Tuesday, April 24, 2007

Python: Printing unicode

By default, the stdout stream in python is assumed to have ascii encoding. While this is the only safe assumption, it gets mighty annoying when your terminal supports utf8 or Microsoft's eponymous mbcs encoding (e.g. pyDev for Eclipse), especially when you are working with unicode data that you would like to print out while debugging.

It seems like this is a common problem. In fact, it comes numerous times at work and I met a gentleman at the past BayPiggies meeting who was looking for a solution himself. It doesn't help that sys.setdefaultencoding() is a red herring that seems to throw everyone off track.

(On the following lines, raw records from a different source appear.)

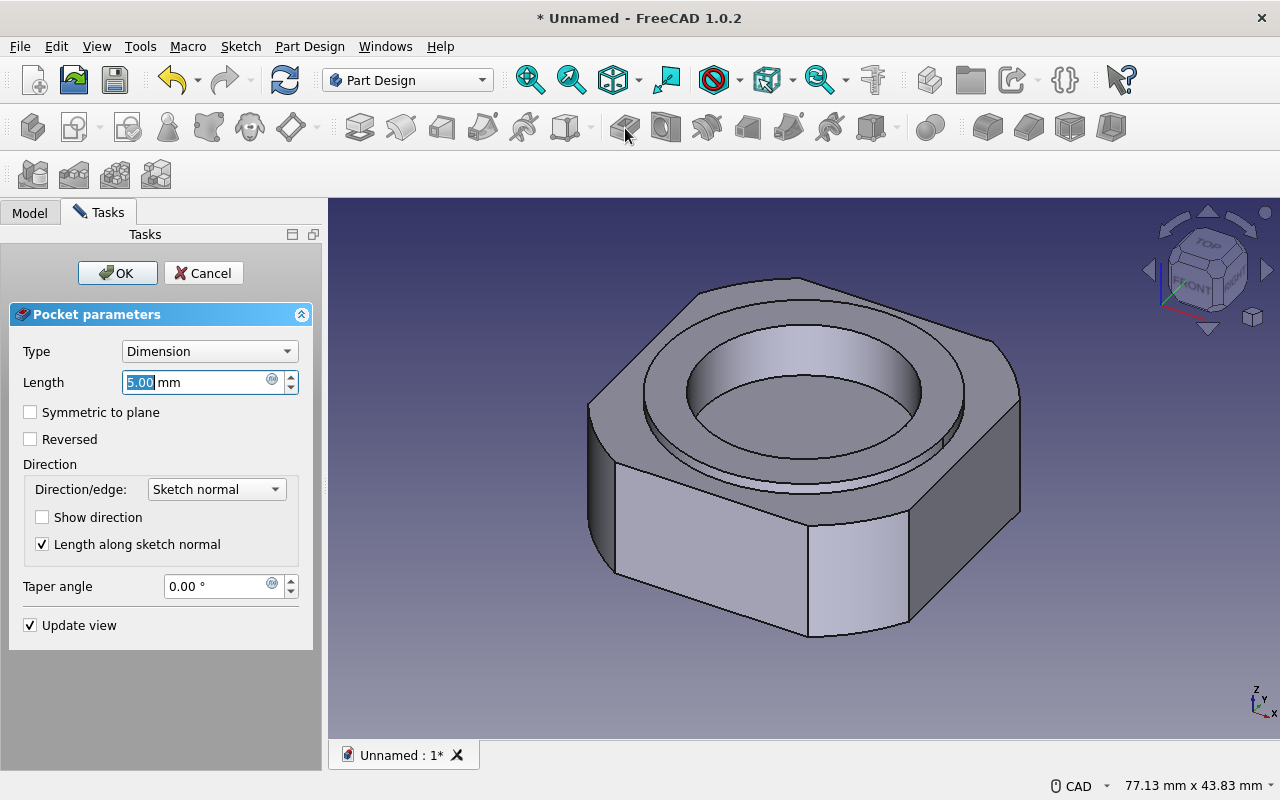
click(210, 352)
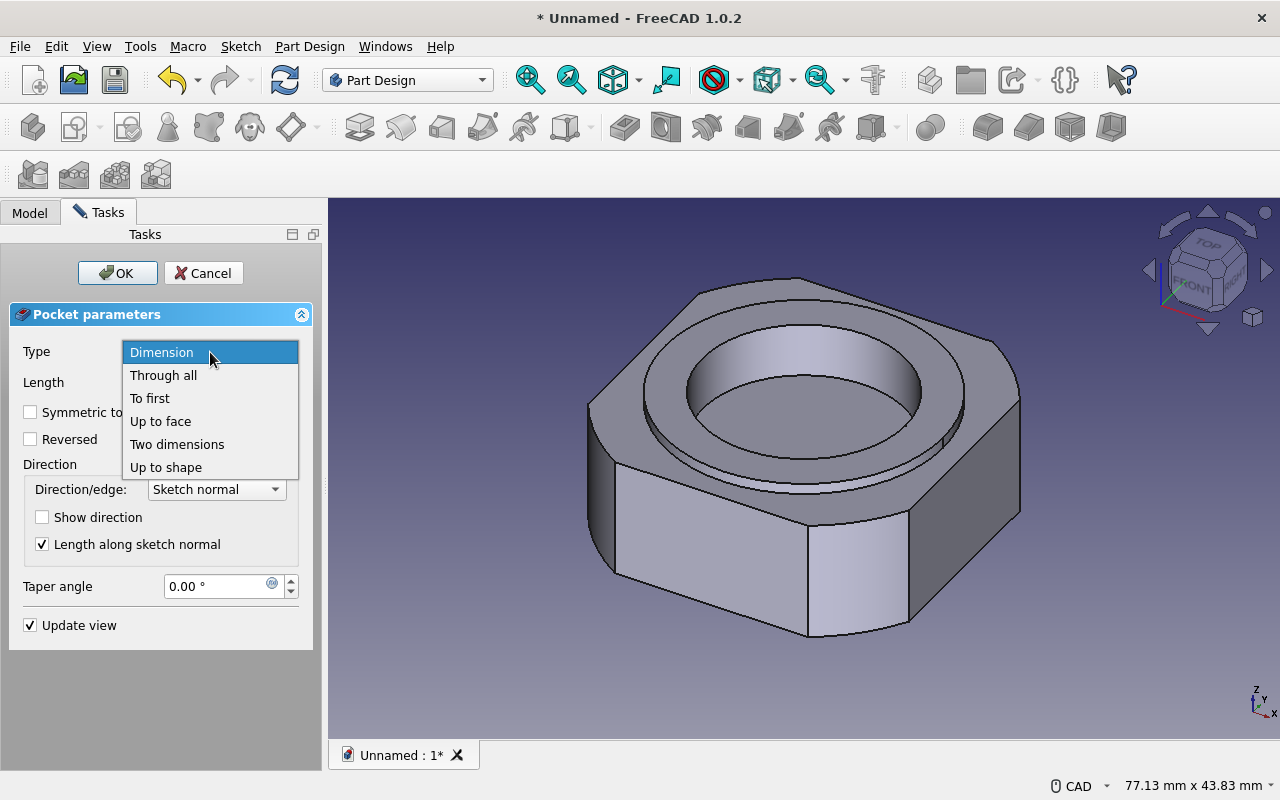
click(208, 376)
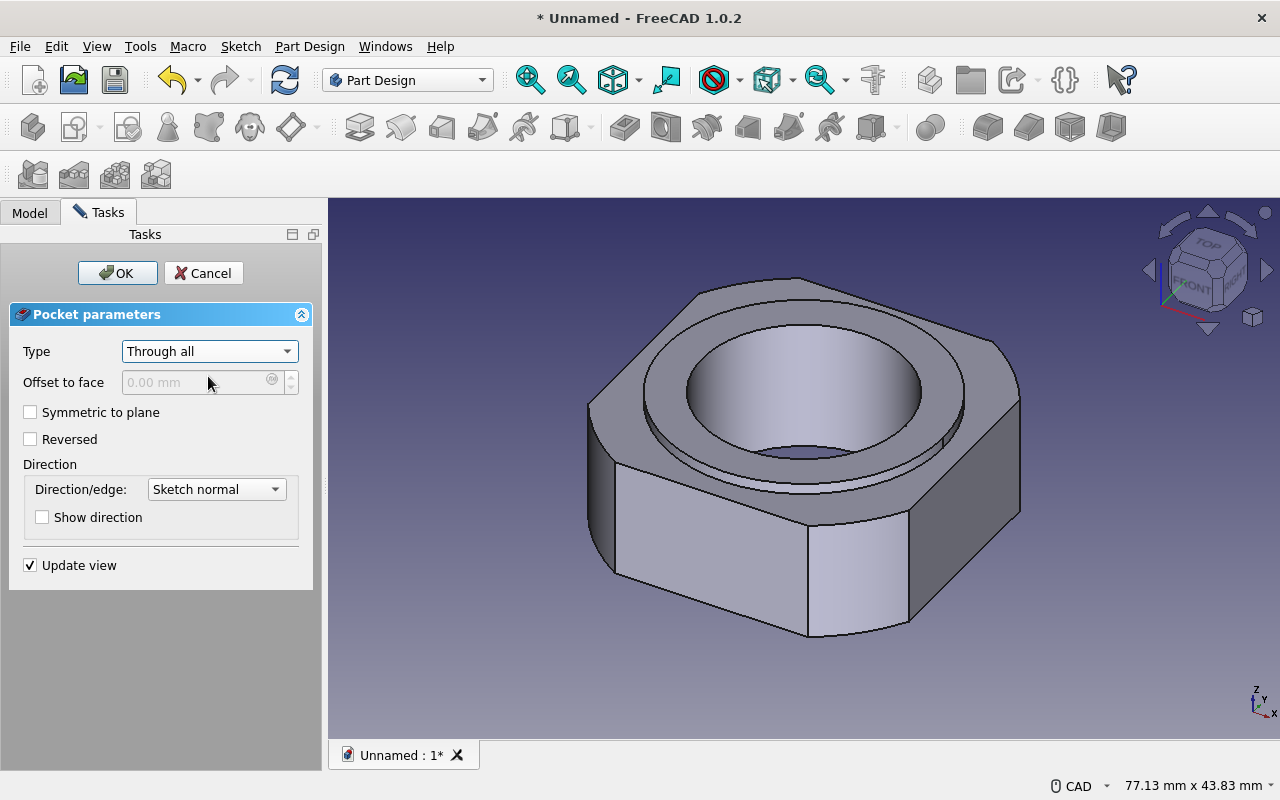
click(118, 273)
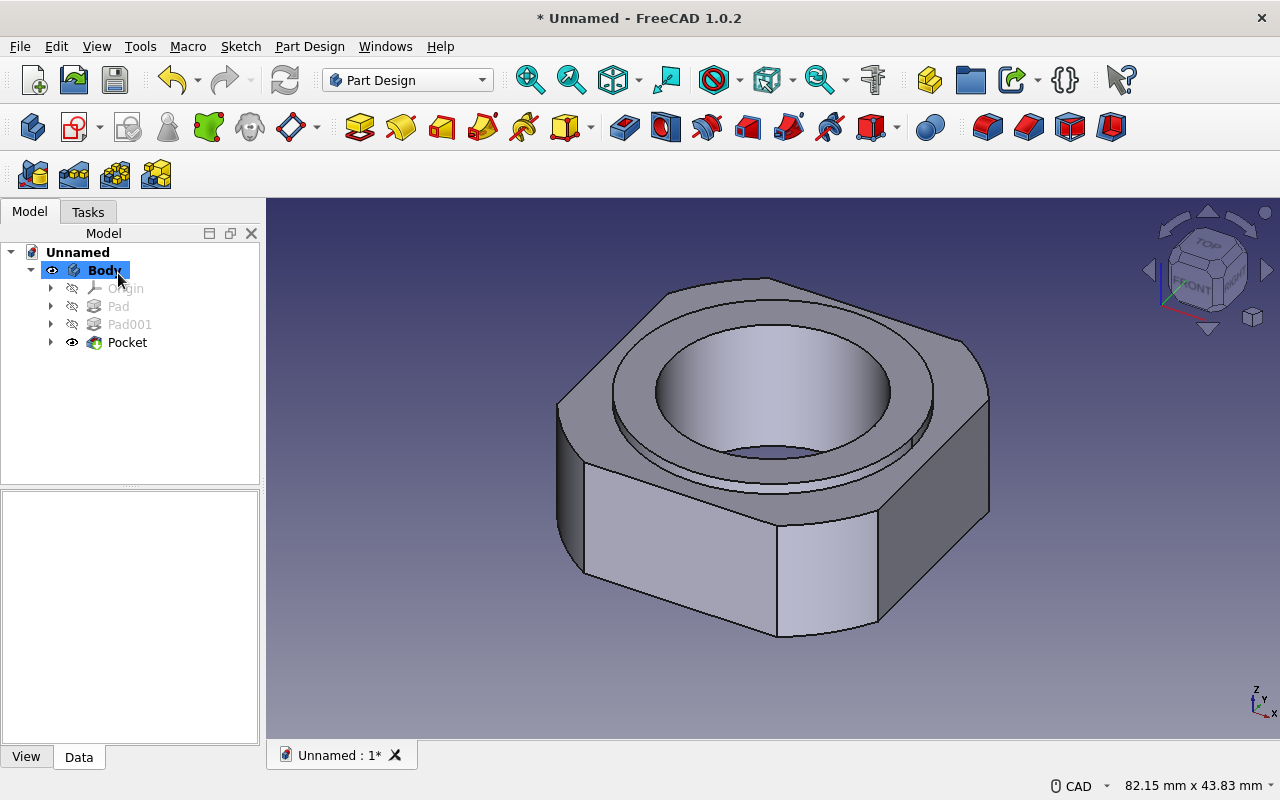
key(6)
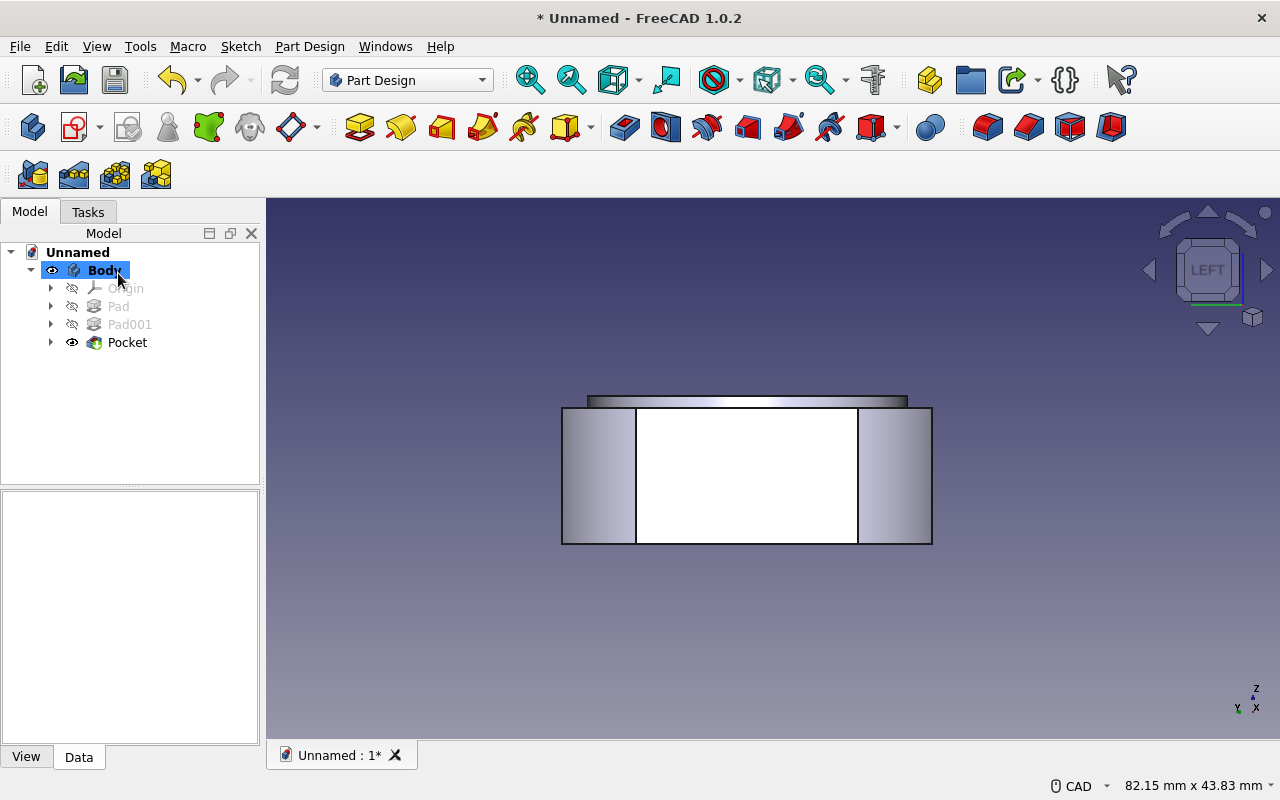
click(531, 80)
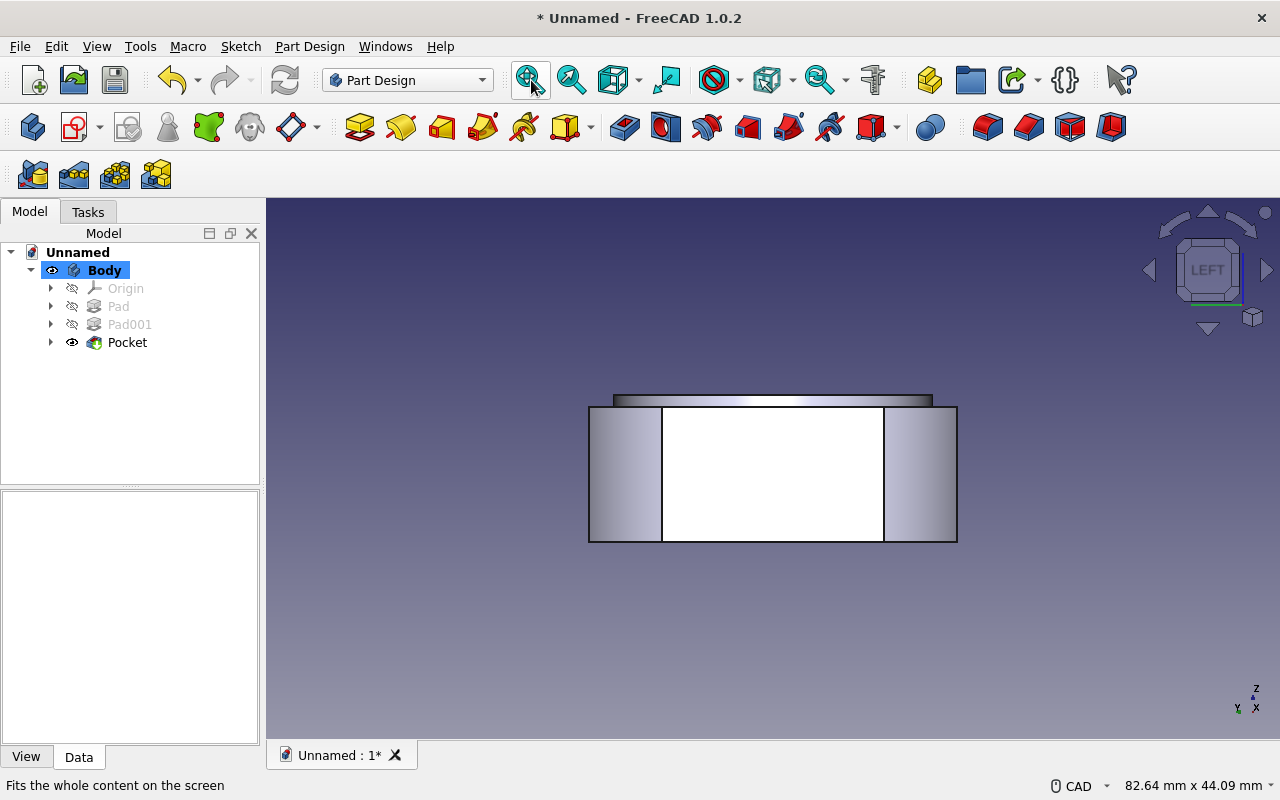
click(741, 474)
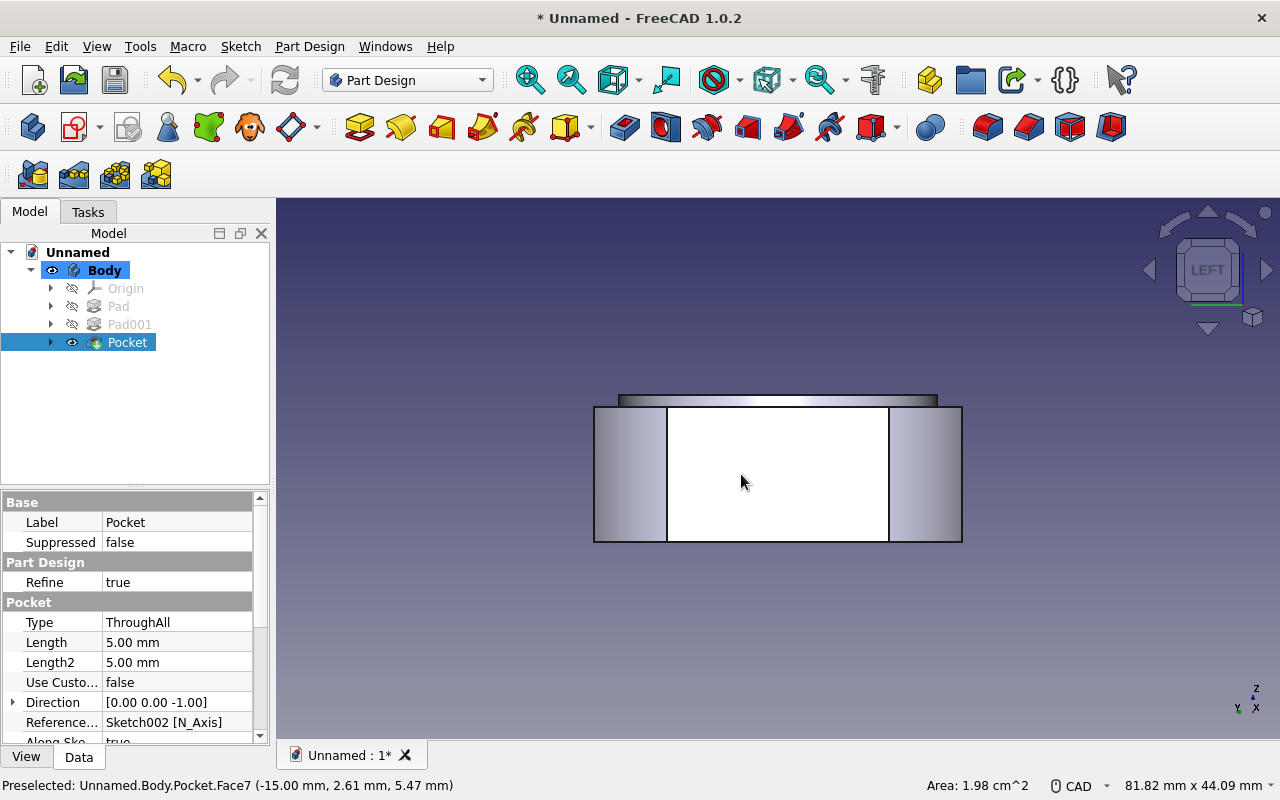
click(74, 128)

Enough with the introduction, here is the snippet I use to get my stdout to a non-ascii encoding:
    import codecs, sys
sys.stdout = codecs.getwriter('mbcs')(sys.stdout)
Of course, change 'mbcs' to 'utf8' or whatever encoding you need. You can get fancy and look up the appropriate encoding based on the terminal environment (actually, 'mbcs' does this for you on Windows), but if you're just looking to print unicode for testing/debugging, this short snippet gets you to the goal in two lines of code.

3 comments:

Sam said...

Just wanted to say thanks! I've been looking for a long time for a solution to this problem. Really helped me out.

Anonymous said...

Thanks a whole lot for that little snippet. I've been breaking my back trying to get unicode out with any sense.

Kelly Yancey said...

No problem. Glad to have been of help. While the solution is simple, it relies on knowledge of python's unicode handling, conversions, and file object support. None of which is particularly well documented in the standards docs. :|